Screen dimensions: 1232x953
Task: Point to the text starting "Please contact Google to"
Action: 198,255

═══

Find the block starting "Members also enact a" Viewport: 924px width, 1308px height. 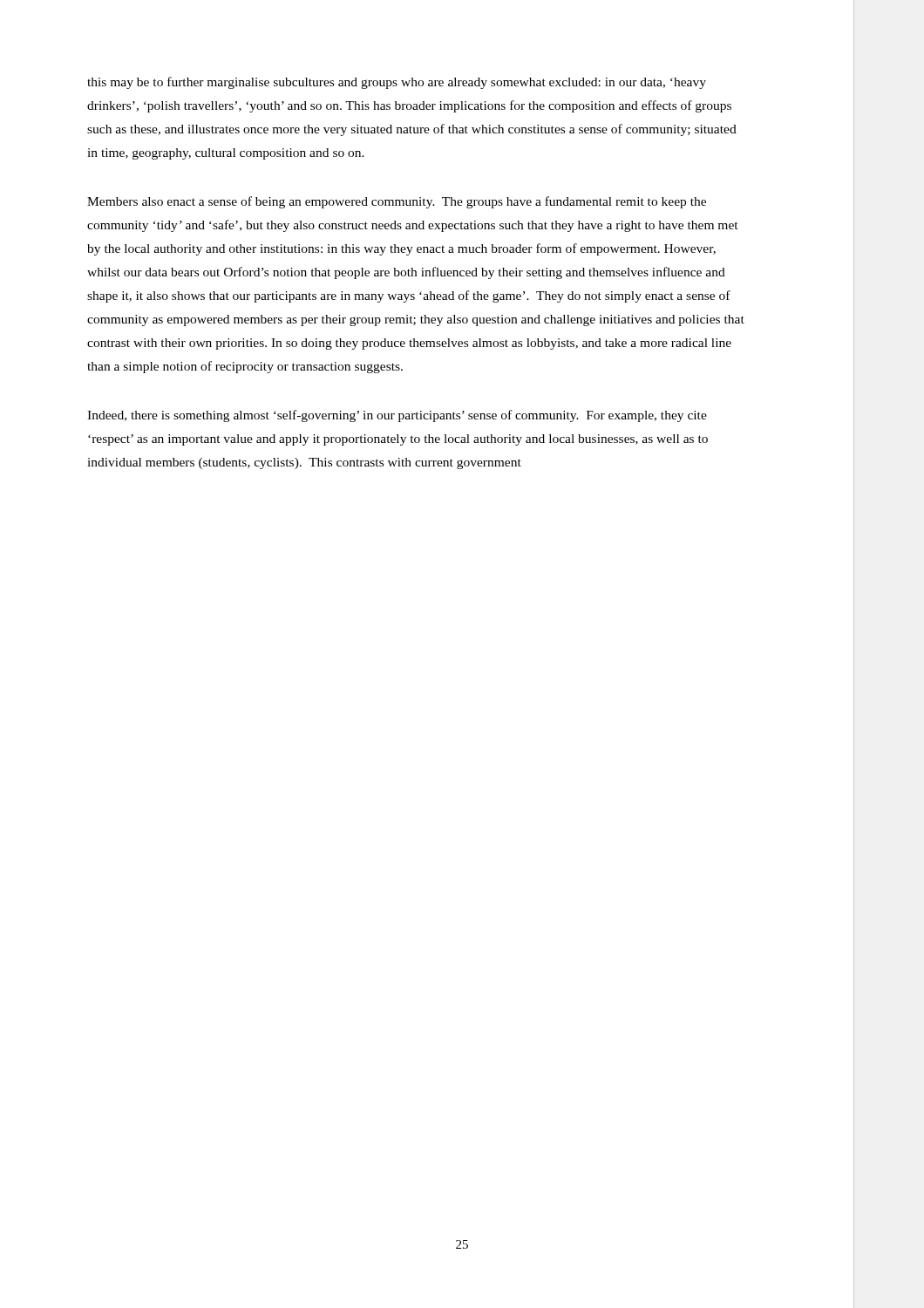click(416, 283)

═══

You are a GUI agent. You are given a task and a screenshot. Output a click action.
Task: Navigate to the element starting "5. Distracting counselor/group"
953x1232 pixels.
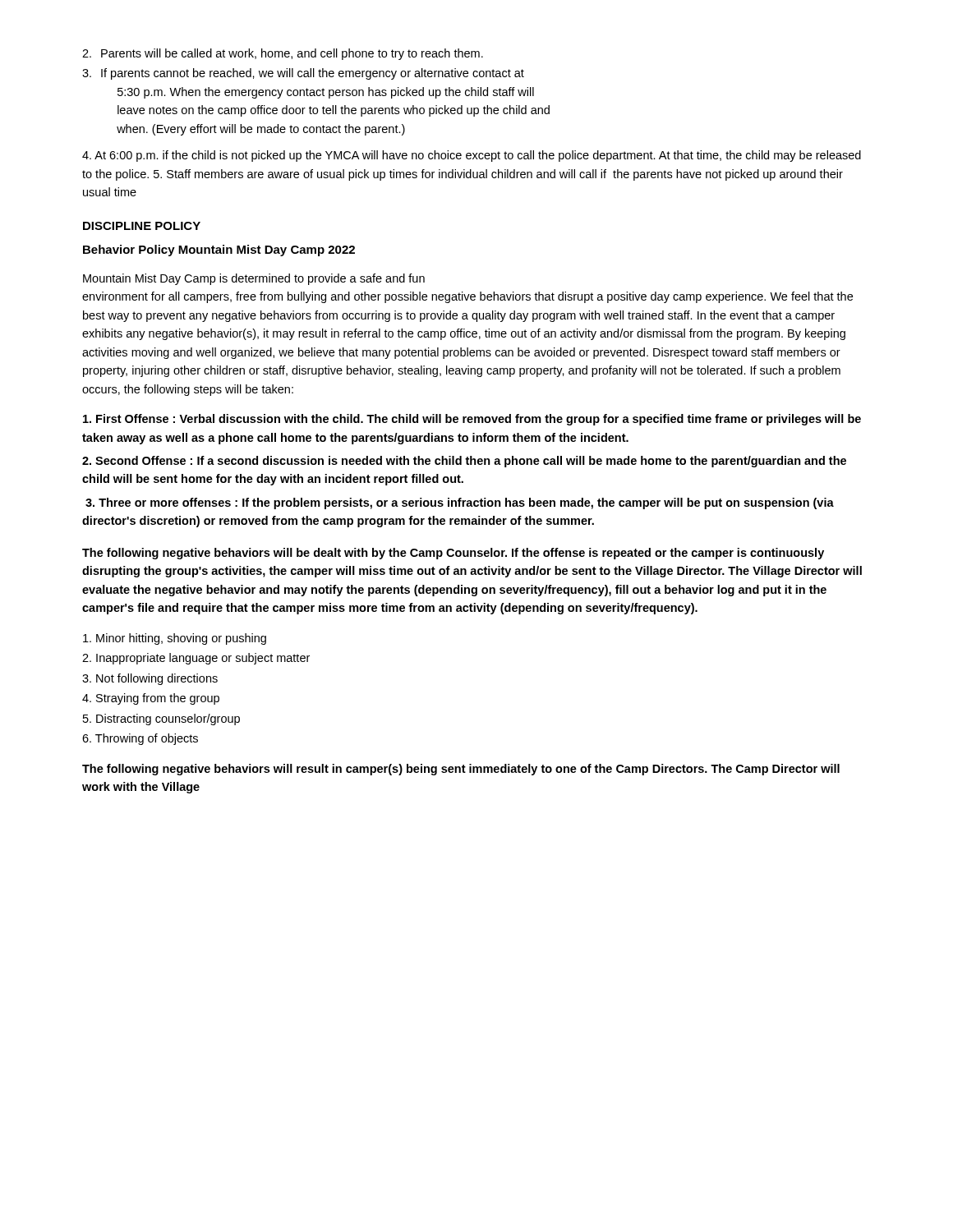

═══

Your task:
Please, from the entries above, set down exactly the lines from the one containing "Task: Navigate to" through the one containing "953x1232 pixels.", and only those.

Solution for this task:
Task: Navigate to the element starting "5. Distracting counselor/group"
953x1232 pixels.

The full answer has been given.